== ASSIGNMENT ==
Where the records below have a line with "internal", that line is to be copied.

== DATA TO EXAMINE

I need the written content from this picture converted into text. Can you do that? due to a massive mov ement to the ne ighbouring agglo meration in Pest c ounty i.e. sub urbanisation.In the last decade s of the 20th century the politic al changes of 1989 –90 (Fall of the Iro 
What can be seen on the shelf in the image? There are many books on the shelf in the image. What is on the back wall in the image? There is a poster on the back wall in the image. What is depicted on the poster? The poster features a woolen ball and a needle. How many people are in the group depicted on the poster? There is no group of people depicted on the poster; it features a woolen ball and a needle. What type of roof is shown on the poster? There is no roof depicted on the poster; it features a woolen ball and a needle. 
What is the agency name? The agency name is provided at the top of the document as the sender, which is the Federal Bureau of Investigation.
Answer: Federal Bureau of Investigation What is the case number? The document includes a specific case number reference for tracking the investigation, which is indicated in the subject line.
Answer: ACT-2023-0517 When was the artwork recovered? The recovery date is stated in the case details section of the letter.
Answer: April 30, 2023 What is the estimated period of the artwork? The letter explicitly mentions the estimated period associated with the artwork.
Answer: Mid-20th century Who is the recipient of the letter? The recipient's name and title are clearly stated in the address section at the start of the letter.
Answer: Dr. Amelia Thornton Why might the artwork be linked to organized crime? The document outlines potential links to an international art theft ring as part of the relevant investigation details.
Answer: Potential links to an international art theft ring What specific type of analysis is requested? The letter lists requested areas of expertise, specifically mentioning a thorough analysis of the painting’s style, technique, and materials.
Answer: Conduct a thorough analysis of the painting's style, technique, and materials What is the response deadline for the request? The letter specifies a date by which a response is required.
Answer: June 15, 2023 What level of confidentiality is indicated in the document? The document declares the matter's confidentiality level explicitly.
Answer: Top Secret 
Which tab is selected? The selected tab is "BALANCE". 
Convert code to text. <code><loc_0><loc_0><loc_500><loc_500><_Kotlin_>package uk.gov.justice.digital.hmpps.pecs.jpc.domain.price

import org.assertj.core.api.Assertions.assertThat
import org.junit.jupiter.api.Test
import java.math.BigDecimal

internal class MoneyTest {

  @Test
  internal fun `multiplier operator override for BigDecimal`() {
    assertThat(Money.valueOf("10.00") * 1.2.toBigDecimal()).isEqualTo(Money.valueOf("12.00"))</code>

====

== REPLY TO THE TASK ==
internal class MoneyTest {
  internal fun `multiplier operator override for BigDecimal`() {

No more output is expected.